Nie jest to coś oczywistego, rzucającego się w oczy, ale pisząc tę powieść Mróz toczył ze sobą pewną walkę. Z jednej strony chciał żeby to był nowy początek, nowy start całej Historyji o Chyłce i Zordonie, żebyśmy jakoś oderwali się od mocno skondansowanych wydarzeń z kilku ostatnich tomów tego cyklu, z drugiej zaś te wydarzenia, chęć kontynuowania tamtej opowieści, ciągle i ciągle go doganiała. I nie da się ukryć, że Najpłodniejszy tej walki nie wygrał :( Contynuity, ta nie chciana przezeń tu ciągłość wydarzeń, dogoniła go na całego.

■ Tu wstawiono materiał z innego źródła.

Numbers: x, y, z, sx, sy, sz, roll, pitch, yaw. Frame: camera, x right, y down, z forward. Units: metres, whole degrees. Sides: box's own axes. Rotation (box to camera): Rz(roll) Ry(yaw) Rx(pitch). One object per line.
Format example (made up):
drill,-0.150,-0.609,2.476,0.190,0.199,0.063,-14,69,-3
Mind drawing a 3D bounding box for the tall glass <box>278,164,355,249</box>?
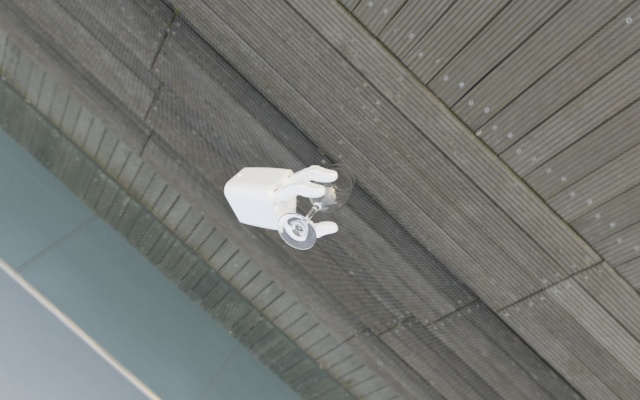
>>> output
tall glass,0.000,0.003,0.886,0.079,0.079,0.201,0,30,29

Dopadła go, czyniąc sprawę z tego, konkretnego, tomu banalną i właściwie jawnie nic nie znaczącą. Notabene w tym kontekście jest aż trochę śmiesznym to, jak w końcówce autor stara się nadać jakikolwiek sens tajemniczemu symbolowi używanemu przez sprawcę, szczęściem nie trwa to zbyt długo, sam autor najwyraźniej zdawał sobie sprawę, że wielkiego sensu to to nie ma.
Co więcej nie jest o jedyna klęska Remka w tej powieści. Dość podobnie jest z jej finałem. Wiecie, jak wyglądały zakończenia ostatnich kilku książek z serii Chyłkowej – były mocne, ale nie w tym znaczeniu, by pisarz etapował przemocą, krwią czy czymkolwiek. To tym, że pojawiał się suspens, akcja zaczynała naprawdę trzymać nas za twarze, serduszka zaczynały nam szybciej pipać. I wiecie też, że nie raz Najpłodniejszemu bardzo dobrze to wychodziło. Że nie miałem problemu, by go za to chwalić. No to tu ten mocny finał został rozbity aż na trzy części (wydarzenia w kancelarii – SOHO – mieszkanie Chyłków). I jakoś serduszko nie pikało :( I jakoś szczególnie tych emocji, które autor ewidentnie chciał we mnie rozbudzić nie czułem. Jakoś nie podziałało, mimo że były tu aż trzy te wzmiankowane wyżej punkty.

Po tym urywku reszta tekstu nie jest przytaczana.